Ce qui nous arrive en ce moment me rappelle nos vacances à Madagascar. Nous y étions allés en plein été, sûrs de ne pas avoir de pluie pendant trois semaines. Et patatrac. La pluie nous a suivie pendant tout notre séjour – trois semaines – y compris sur l’île Sainte-Marie, potentiellement paradisiaque. Nos amis nous appelaient les «Poissard».

Sauf que là nous ne sommes pas en vacances sur une île paradisiaque à Madagascar, mais à Montréal dans notre routine quotidienne. Babychou avait une garderie. J’ai repris le boulot. Chéri doit partir au Sénégal «pour le travail». Ma mère doit venir s’occuper de Minus. Tout est OK.

Mais non en fait. Appelée en urgence par la nounou pour un «problème d’immigration», je me pointe chez elle et découvre six policiers en uniforme, prêts à embarquer la nounou qui n’est pas en règle.

Cinq jours plus tard, pas de nouvelles de la nounou. Nous n’en aurons probablement plus. Chéri doit toujours aller sauver le monde, je dois toujours aller travailler, et notre famille est toujours en France.

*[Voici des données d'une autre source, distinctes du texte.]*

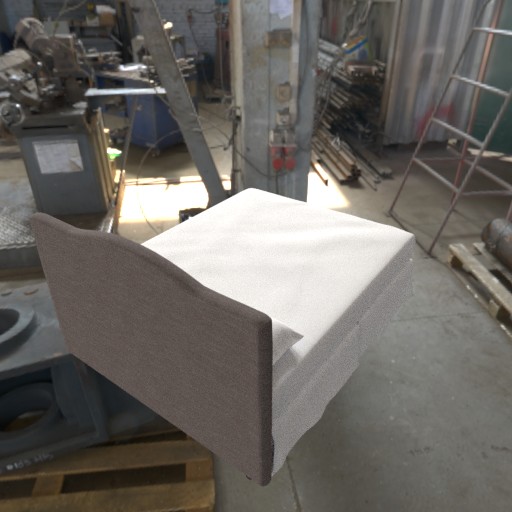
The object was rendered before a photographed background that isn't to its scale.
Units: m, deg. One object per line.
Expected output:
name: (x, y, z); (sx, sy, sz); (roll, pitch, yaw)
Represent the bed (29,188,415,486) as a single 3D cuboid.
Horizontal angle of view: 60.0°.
bed: (0.000, 0.000, 3.874); (2.161, 1.457, 2.689); (21, 37, 30)

Babychou n’avait jamais été malade pendant les neuf premiers mois de sa vie. Mais il a choisi ce moment précis pour nous montrer comment prendre la température. Il nous a aussi permis de découvrir comment trouver un médecin la seconde quinzaine de juillet. Une quinzaine qui vaut la première quinzaine d’août en France.

Je vais continuer à travailler, Babychou va développer ses anticorps et ma mère débarque pour gérer tout ça. Je respire.